▶ [The problem]
Exact copy, no pictures: return all the data below as written.

★ ★ ★ ★ ★

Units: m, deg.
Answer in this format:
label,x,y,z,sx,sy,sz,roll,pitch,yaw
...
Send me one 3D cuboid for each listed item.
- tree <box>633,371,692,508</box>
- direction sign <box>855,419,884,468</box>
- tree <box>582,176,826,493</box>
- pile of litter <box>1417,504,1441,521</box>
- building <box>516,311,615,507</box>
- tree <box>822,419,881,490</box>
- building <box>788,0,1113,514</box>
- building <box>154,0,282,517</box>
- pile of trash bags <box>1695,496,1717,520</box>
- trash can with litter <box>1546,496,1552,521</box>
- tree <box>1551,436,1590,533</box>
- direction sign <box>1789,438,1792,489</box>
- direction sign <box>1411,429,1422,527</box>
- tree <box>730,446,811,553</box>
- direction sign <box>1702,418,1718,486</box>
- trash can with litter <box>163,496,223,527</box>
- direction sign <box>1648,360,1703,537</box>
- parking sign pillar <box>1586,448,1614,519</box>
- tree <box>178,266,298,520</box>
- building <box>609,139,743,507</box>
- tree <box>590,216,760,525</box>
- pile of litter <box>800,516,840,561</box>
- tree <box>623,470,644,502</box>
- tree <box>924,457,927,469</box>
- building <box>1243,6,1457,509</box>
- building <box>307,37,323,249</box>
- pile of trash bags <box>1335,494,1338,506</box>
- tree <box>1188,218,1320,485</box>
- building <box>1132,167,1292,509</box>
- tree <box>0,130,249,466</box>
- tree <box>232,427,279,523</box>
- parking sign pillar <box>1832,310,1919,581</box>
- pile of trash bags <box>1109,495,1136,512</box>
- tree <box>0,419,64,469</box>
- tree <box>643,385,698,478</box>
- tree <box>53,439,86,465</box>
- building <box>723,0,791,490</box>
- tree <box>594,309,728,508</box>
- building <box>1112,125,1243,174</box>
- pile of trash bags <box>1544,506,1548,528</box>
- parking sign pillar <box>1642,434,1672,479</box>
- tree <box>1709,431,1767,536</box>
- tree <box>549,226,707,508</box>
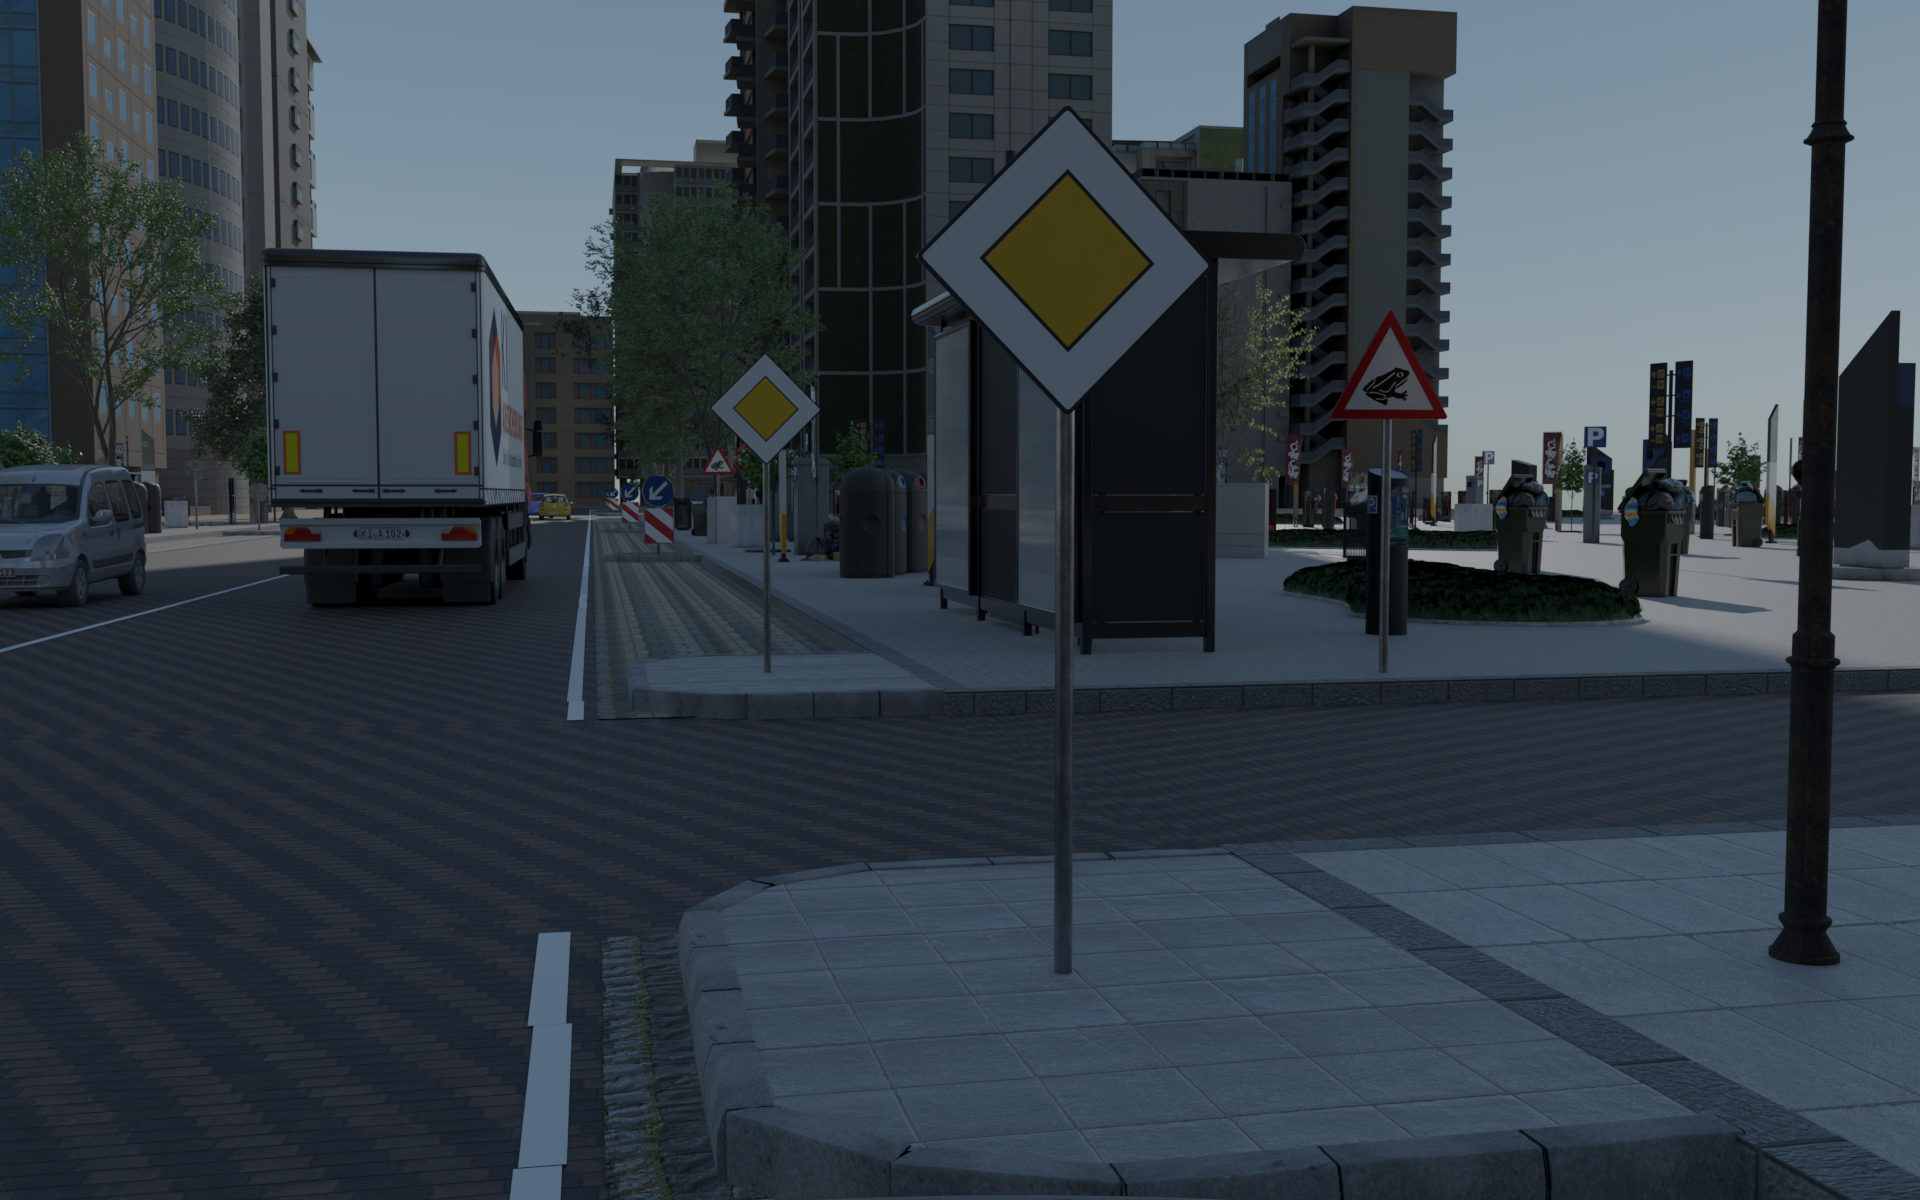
label,x,y,z,sx,sy,sz,roll,pitch,yaw
tree,-16.695,-8.954,96.763,4.737,8.622,4.395,0,3,0
direction sign,-2.708,-3.681,52.184,0.876,3.537,0.379,-1,4,-14
tree,-8.382,-8.099,58.179,9.928,11.665,9.643,0,3,0
pile of litter,22.384,-4.212,82.829,1.719,0.858,1.176,0,4,7
building,-52.148,-20.883,186.471,28.899,21.520,27.650,-1,4,-12
tree,-2.897,-3.084,45.022,1.663,3.219,1.824,0,3,0
building,-2.478,-41.504,116.846,20.563,71.187,20.611,-1,4,-12
building,-56.115,-34.550,106.892,21.231,58.520,28.212,-1,4,-12
pile of trash bags,38.184,-4.709,86.737,3.447,1.369,1.912,0,4,-2
trash can with litter,27.986,-4.311,81.870,0.624,1.170,1.055,2,4,35
tree,20.656,-3.882,58.075,1.663,3.219,1.824,0,3,0
direction sign,33.477,-4.762,69.856,0.379,3.537,0.876,1,4,22
direction sign,16.003,-4.207,60.774,0.379,3.537,0.876,-1,4,-9
tree,-4.369,-2.679,38.408,1.663,3.219,1.824,0,3,0
direction sign,22.193,-3.643,51.567,0.876,3.537,0.379,-2,4,-24
trash can with litter,-30.385,-3.518,68.572,2.233,1.210,1.678,-2,4,-28
direction sign,12.174,-2.308,29.739,0.379,3.537,0.876,-2,4,-27
parking sign pillar,32.813,-6.136,88.792,1.447,3.967,1.447,0,4,-2
tree,-33.537,-10.329,85.880,9.611,12.733,9.660,0,3,0
building,-26.595,-30.642,192.872,23.993,40.220,32.217,-1,4,-12
tree,-11.287,-9.332,70.703,7.486,12.596,7.792,0,3,0
pile of litter,-2.297,-1.204,33.643,1.719,0.858,1.176,-1,4,-15
tree,-25.953,-8.727,137.286,1.663,3.219,1.824,0,3,0
tree,-0.969,-5.081,77.672,1.663,3.219,1.824,0,3,0
building,34.976,-31.074,158.169,14.200,45.320,14.600,-1,4,-12
building,-80.030,-36.120,179.800,27.495,52.752,28.713,-1,4,-12
pile of trash bags,20.758,-4.926,90.299,3.447,1.369,1.912,0,4,1
tree,7.096,-5.862,46.211,4.360,8.622,3.978,0,3,0
building,20.819,-23.575,157.153,14.107,30.474,14.160,-1,4,-12
tree,-25.281,-7.662,51.036,9.928,11.665,9.643,0,3,0
tree,-30.571,-5.724,77.299,4.285,4.588,4.351,0,3,0
parking sign pillar,13.796,-2.304,26.139,1.447,3.967,1.447,0,4,-4
pile of trash bags,4.255,-3.002,58.828,1.912,1.369,3.447,-3,5,-42
tree,-41.086,-5.627,75.711,4.285,4.588,4.351,0,3,0
tree,-18.426,-9.716,109.218,4.360,8.622,3.978,0,3,0
tree,-31.517,-4.075,61.231,1.663,3.219,1.824,0,3,0
building,-7.698,-29.796,141.789,22.147,44.769,28.867,-1,4,-12
tree,-13.630,-9.001,81.573,7.601,10.594,8.767,-1,4,-13
building,22.747,-31.263,194.737,14.086,41.232,14.154,-1,4,-12
pile of trash bags,21.517,-3.447,66.108,1.912,1.369,3.447,2,4,25
parking sign pillar,24.443,-4.421,60.756,1.447,3.967,1.447,0,4,-6
tree,23.910,-3.594,53.361,1.663,3.219,1.824,0,3,0
tree,-23.460,-16.477,125.288,12.611,20.169,13.585,0,3,0

★ ★ ★ ★ ★

▶ [Task response]
Units: m, deg.
Answer in this format:
label,x,y,z,sx,sy,sz,roll,pitch,yaw
...
Send me one 3D cuboid for each listed item.
- tree <box>633,371,692,508</box>
- direction sign <box>855,419,884,468</box>
- tree <box>582,176,826,493</box>
- pile of litter <box>1417,504,1441,521</box>
- building <box>516,311,615,507</box>
- tree <box>822,419,881,490</box>
- building <box>788,0,1113,514</box>
- building <box>154,0,282,517</box>
- pile of trash bags <box>1695,496,1717,520</box>
- trash can with litter <box>1546,496,1552,521</box>
- tree <box>1551,436,1590,533</box>
- direction sign <box>1789,438,1792,489</box>
- direction sign <box>1411,429,1422,527</box>
- tree <box>730,446,811,553</box>
- direction sign <box>1702,418,1718,486</box>
- trash can with litter <box>163,496,223,527</box>
- direction sign <box>1648,360,1703,537</box>
- parking sign pillar <box>1586,448,1614,519</box>
- tree <box>178,266,298,520</box>
- building <box>609,139,743,507</box>
- tree <box>590,216,760,525</box>
- pile of litter <box>800,516,840,561</box>
- tree <box>623,470,644,502</box>
- tree <box>924,457,927,469</box>
- building <box>1243,6,1457,509</box>
- building <box>307,37,323,249</box>
- pile of trash bags <box>1335,494,1338,506</box>
- tree <box>1188,218,1320,485</box>
- building <box>1132,167,1292,509</box>
- tree <box>0,130,249,466</box>
- tree <box>232,427,279,523</box>
- parking sign pillar <box>1832,310,1919,581</box>
- pile of trash bags <box>1109,495,1136,512</box>
- tree <box>0,419,64,469</box>
- tree <box>643,385,698,478</box>
- tree <box>53,439,86,465</box>
- building <box>723,0,791,490</box>
- tree <box>594,309,728,508</box>
- building <box>1112,125,1243,174</box>
- pile of trash bags <box>1544,506,1548,528</box>
- parking sign pillar <box>1642,434,1672,479</box>
- tree <box>1709,431,1767,536</box>
- tree <box>549,226,707,508</box>
label,x,y,z,sx,sy,sz,roll,pitch,yaw
tree,-16.695,-8.954,96.763,4.737,8.622,4.395,0,3,0
direction sign,-2.708,-3.681,52.184,0.876,3.537,0.379,-1,4,-14
tree,-8.382,-8.099,58.179,9.928,11.665,9.643,0,3,0
pile of litter,22.384,-4.212,82.829,1.719,0.858,1.176,0,4,7
building,-52.148,-20.883,186.471,28.899,21.520,27.650,-1,4,-12
tree,-2.897,-3.084,45.022,1.663,3.219,1.824,0,3,0
building,-2.478,-41.504,116.846,20.563,71.187,20.611,-1,4,-12
building,-56.115,-34.550,106.892,21.231,58.520,28.212,-1,4,-12
pile of trash bags,38.184,-4.709,86.737,3.447,1.369,1.912,0,4,-2
trash can with litter,27.986,-4.311,81.870,0.624,1.170,1.055,2,4,35
tree,20.656,-3.882,58.075,1.663,3.219,1.824,0,3,0
direction sign,33.477,-4.762,69.856,0.379,3.537,0.876,1,4,22
direction sign,16.003,-4.207,60.774,0.379,3.537,0.876,-1,4,-9
tree,-4.369,-2.679,38.408,1.663,3.219,1.824,0,3,0
direction sign,22.193,-3.643,51.567,0.876,3.537,0.379,-2,4,-24
trash can with litter,-30.385,-3.518,68.572,2.233,1.210,1.678,-2,4,-28
direction sign,12.174,-2.308,29.739,0.379,3.537,0.876,-2,4,-27
parking sign pillar,32.813,-6.136,88.792,1.447,3.967,1.447,0,4,-2
tree,-33.537,-10.329,85.880,9.611,12.733,9.660,0,3,0
building,-26.595,-30.642,192.872,23.993,40.220,32.217,-1,4,-12
tree,-11.287,-9.332,70.703,7.486,12.596,7.792,0,3,0
pile of litter,-2.297,-1.204,33.643,1.719,0.858,1.176,-1,4,-15
tree,-25.953,-8.727,137.286,1.663,3.219,1.824,0,3,0
tree,-0.969,-5.081,77.672,1.663,3.219,1.824,0,3,0
building,34.976,-31.074,158.169,14.200,45.320,14.600,-1,4,-12
building,-80.030,-36.120,179.800,27.495,52.752,28.713,-1,4,-12
pile of trash bags,20.758,-4.926,90.299,3.447,1.369,1.912,0,4,1
tree,7.096,-5.862,46.211,4.360,8.622,3.978,0,3,0
building,20.819,-23.575,157.153,14.107,30.474,14.160,-1,4,-12
tree,-25.281,-7.662,51.036,9.928,11.665,9.643,0,3,0
tree,-30.571,-5.724,77.299,4.285,4.588,4.351,0,3,0
parking sign pillar,13.796,-2.304,26.139,1.447,3.967,1.447,0,4,-4
pile of trash bags,4.255,-3.002,58.828,1.912,1.369,3.447,-3,5,-42
tree,-41.086,-5.627,75.711,4.285,4.588,4.351,0,3,0
tree,-18.426,-9.716,109.218,4.360,8.622,3.978,0,3,0
tree,-31.517,-4.075,61.231,1.663,3.219,1.824,0,3,0
building,-7.698,-29.796,141.789,22.147,44.769,28.867,-1,4,-12
tree,-13.630,-9.001,81.573,7.601,10.594,8.767,-1,4,-13
building,22.747,-31.263,194.737,14.086,41.232,14.154,-1,4,-12
pile of trash bags,21.517,-3.447,66.108,1.912,1.369,3.447,2,4,25
parking sign pillar,24.443,-4.421,60.756,1.447,3.967,1.447,0,4,-6
tree,23.910,-3.594,53.361,1.663,3.219,1.824,0,3,0
tree,-23.460,-16.477,125.288,12.611,20.169,13.585,0,3,0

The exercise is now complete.